Data items >>
* * * *

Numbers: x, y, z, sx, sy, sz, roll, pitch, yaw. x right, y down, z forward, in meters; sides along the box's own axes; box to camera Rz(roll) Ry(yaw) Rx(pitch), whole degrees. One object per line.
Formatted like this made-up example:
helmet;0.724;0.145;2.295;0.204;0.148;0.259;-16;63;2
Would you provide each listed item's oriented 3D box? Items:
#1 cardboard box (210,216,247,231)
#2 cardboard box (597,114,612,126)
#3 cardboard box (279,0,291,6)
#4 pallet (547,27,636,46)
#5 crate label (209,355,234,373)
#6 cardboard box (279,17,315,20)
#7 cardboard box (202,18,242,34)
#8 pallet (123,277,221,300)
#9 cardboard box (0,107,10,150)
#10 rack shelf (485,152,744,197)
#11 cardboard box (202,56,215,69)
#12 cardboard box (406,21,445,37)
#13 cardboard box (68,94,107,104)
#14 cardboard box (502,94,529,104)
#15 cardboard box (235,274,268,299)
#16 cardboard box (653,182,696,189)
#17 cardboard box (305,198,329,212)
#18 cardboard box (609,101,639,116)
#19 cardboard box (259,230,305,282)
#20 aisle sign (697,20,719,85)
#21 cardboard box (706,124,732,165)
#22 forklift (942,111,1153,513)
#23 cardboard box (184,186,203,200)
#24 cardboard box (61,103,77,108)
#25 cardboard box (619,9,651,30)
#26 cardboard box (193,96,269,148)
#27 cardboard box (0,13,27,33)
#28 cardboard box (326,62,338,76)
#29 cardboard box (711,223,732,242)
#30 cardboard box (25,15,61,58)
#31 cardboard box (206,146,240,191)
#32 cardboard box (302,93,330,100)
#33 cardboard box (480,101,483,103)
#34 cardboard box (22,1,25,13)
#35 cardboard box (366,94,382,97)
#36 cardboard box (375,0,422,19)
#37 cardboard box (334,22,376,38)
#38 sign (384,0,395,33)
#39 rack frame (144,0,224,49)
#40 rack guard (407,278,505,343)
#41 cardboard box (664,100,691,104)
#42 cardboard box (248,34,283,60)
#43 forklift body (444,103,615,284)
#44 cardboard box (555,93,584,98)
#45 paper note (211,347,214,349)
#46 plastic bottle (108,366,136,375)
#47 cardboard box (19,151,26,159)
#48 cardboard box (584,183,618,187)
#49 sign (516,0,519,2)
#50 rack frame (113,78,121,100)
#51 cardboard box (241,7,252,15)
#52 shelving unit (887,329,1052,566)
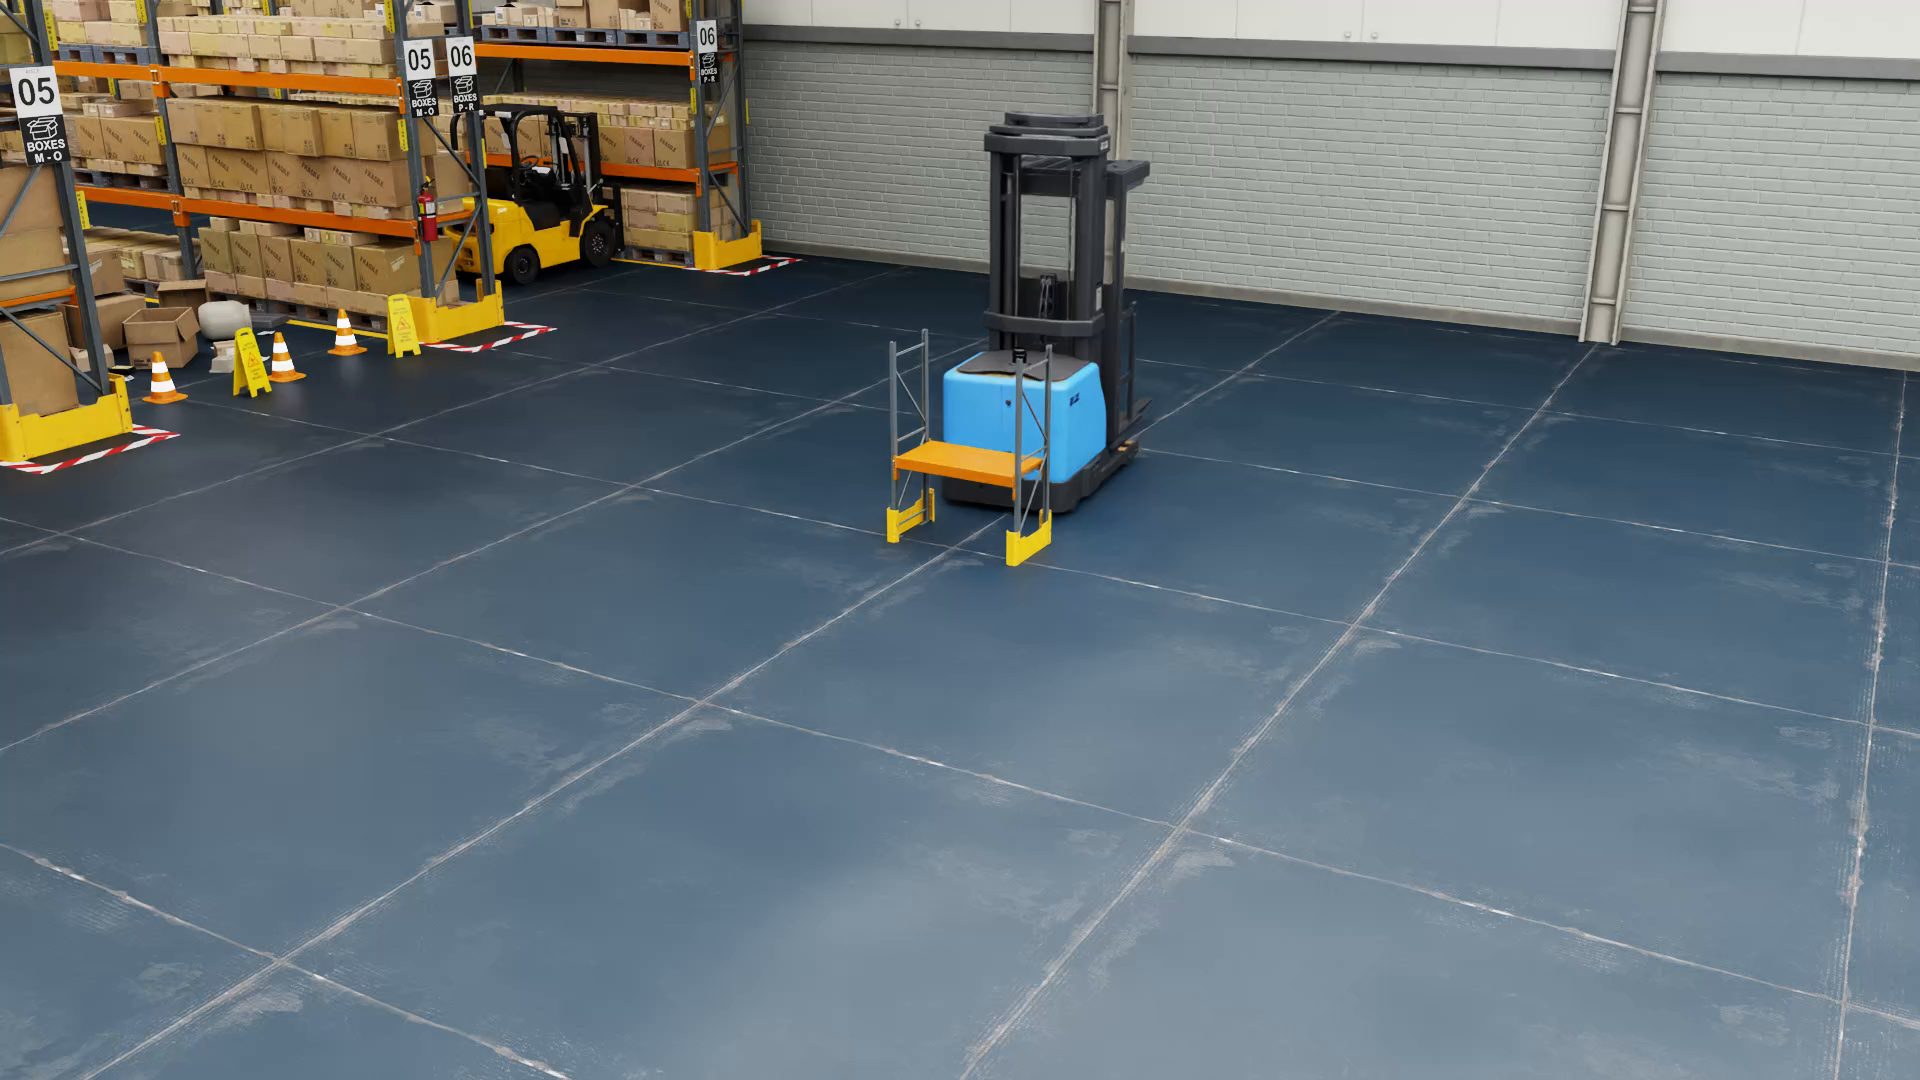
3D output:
cardboard box;-8.649;-3.771;19.727;0.250;0.149;0.380;11;23;28
cardboard box;-4.774;-5.771;22.778;0.250;0.149;0.380;11;23;28
cardboard box;-10.373;-8.380;25.868;0.250;0.149;0.380;10;22;25
pallet;-4.876;-6.935;22.816;1.213;0.211;1.003;11;23;27
crate label;-7.585;-1.828;17.203;0.298;0.136;0.250;0;20;-1
cardboard box;-7.563;-5.909;19.057;0.250;0.149;0.380;11;23;28
cardboard box;-8.312;-5.810;18.784;0.250;0.149;0.380;11;22;27
pallet;-9.792;-3.244;20.998;1.213;0.211;1.003;11;23;27
cardboard box;-12.324;-5.332;21.465;0.500;0.500;0.500;10;22;26
rack shelf;-4.948;-5.233;23.448;4.000;0.370;1.077;11;23;27
cardboard box;-8.488;-5.524;19.165;0.250;0.149;0.380;11;23;27
cardboard box;-5.831;-5.547;18.059;0.250;0.149;0.380;11;22;27
cardboard box;-14.687;-7.395;28.136;0.500;0.250;0.500;11;23;27
cardboard box;-6.280;-6.243;23.643;0.250;0.149;0.380;11;23;28
cardboard box;-8.257;-3.067;19.837;0.500;0.250;0.500;12;23;30
cardboard box;-3.968;-4.832;23.237;0.500;0.250;0.500;11;23;27
cardboard box;-7.201;-3.833;18.901;0.250;0.149;0.380;11;22;27
cardboard box;-4.553;-5.869;22.610;0.250;0.149;0.380;11;23;29
cardboard box;-7.804;-3.332;19.470;0.500;0.500;0.500;12;23;30
aisle sign;-3.288;-6.363;21.694;0.004;0.787;0.394;11;23;27
cardboard box;-3.499;-5.451;22.847;0.500;0.500;0.500;12;23;29
forklift;0.886;-2.051;13.721;1.130;2.935;3.031;8;21;21
cardboard box;-8.993;-4.160;19.802;0.250;0.149;0.380;11;23;27
cardboard box;-11.615;-5.400;21.653;0.500;0.500;0.500;10;22;26
cardboard box;-4.295;-6.920;22.078;0.258;0.266;0.396;11;23;27
cardboard box;-8.398;-4.853;19.297;0.500;0.500;0.700;11;23;28
cardboard box;-8.082;-4.332;13.946;0.250;0.149;0.380;11;23;28
cardboard box;-6.705;-5.177;18.206;0.250;0.149;0.380;11;23;28
cardboard box;-3.536;-4.284;23.192;0.500;0.250;0.500;11;23;28
cardboard box;-11.258;-6.304;20.796;0.637;0.503;0.797;11;23;27
cardboard box;-8.414;-4.380;19.458;0.500;0.500;0.500;11;23;27
cardboard box;-9.818;-6.737;25.440;0.250;0.149;0.380;11;23;28
cardboard box;-6.897;-6.378;24.452;0.250;0.149;0.380;10;22;26
cardboard box;-15.559;-8.978;28.101;0.500;0.250;0.500;10;22;26
cardboard box;-8.886;-6.769;25.530;0.250;0.149;0.380;11;22;27
cardboard box;-8.115;-7.692;24.141;0.500;0.311;0.500;10;22;25
cardboard box;-6.497;-5.487;17.893;0.250;0.149;0.380;11;22;27
sign;-5.908;-5.425;17.225;0.005;0.325;0.100;11;23;27
rack frame;-9.112;-7.246;19.144;0.127;3.000;1.000;11;23;27
rack guard;-5.686;-2.598;18.794;0.348;0.500;1.175;11;23;27
cardboard box;-3.841;-5.943;22.817;0.250;0.149;0.380;11;23;28
cardboard box;-7.534;-5.497;18.505;0.500;0.250;0.500;11;23;28
forklift body;-5.748;-4.612;21.926;1.214;2.155;2.313;11;23;27
cardboard box;-5.583;-6.316;23.843;0.250;0.149;0.380;10;22;26
paper note;-8.084;-2.110;18.154;0.148;0.019;0.142;-16;26;-38
plastic bottle;-8.639;-1.748;17.094;0.283;0.061;0.133;3;20;9
cardboard box;-11.734;-4.893;21.207;0.250;0.149;0.380;11;23;28
cardboard box;-5.089;-4.848;23.282;0.500;0.250;0.500;10;22;26
sign;-6.425;-7.760;24.086;0.005;0.325;0.100;11;23;27
rack frame;-13.679;-7.235;27.910;0.127;3.000;1.000;11;23;27
cardboard box;-10.830;-8.133;25.622;0.250;0.149;0.380;10;22;26
shelving unit;0.067;-0.692;12.074;1.083;1.500;0.587;11;23;27

* * * *

EXERCISE >> Please reproduce, exactly as they appear above, the lines from the line containing "#23 cardboard box (184,186,203,200)" up to and including the line containing "#46 plastic bottle (108,366,136,375)".

SOLUTION FOR THIS TASK >>
#23 cardboard box (184,186,203,200)
#24 cardboard box (61,103,77,108)
#25 cardboard box (619,9,651,30)
#26 cardboard box (193,96,269,148)
#27 cardboard box (0,13,27,33)
#28 cardboard box (326,62,338,76)
#29 cardboard box (711,223,732,242)
#30 cardboard box (25,15,61,58)
#31 cardboard box (206,146,240,191)
#32 cardboard box (302,93,330,100)
#33 cardboard box (480,101,483,103)
#34 cardboard box (22,1,25,13)
#35 cardboard box (366,94,382,97)
#36 cardboard box (375,0,422,19)
#37 cardboard box (334,22,376,38)
#38 sign (384,0,395,33)
#39 rack frame (144,0,224,49)
#40 rack guard (407,278,505,343)
#41 cardboard box (664,100,691,104)
#42 cardboard box (248,34,283,60)
#43 forklift body (444,103,615,284)
#44 cardboard box (555,93,584,98)
#45 paper note (211,347,214,349)
#46 plastic bottle (108,366,136,375)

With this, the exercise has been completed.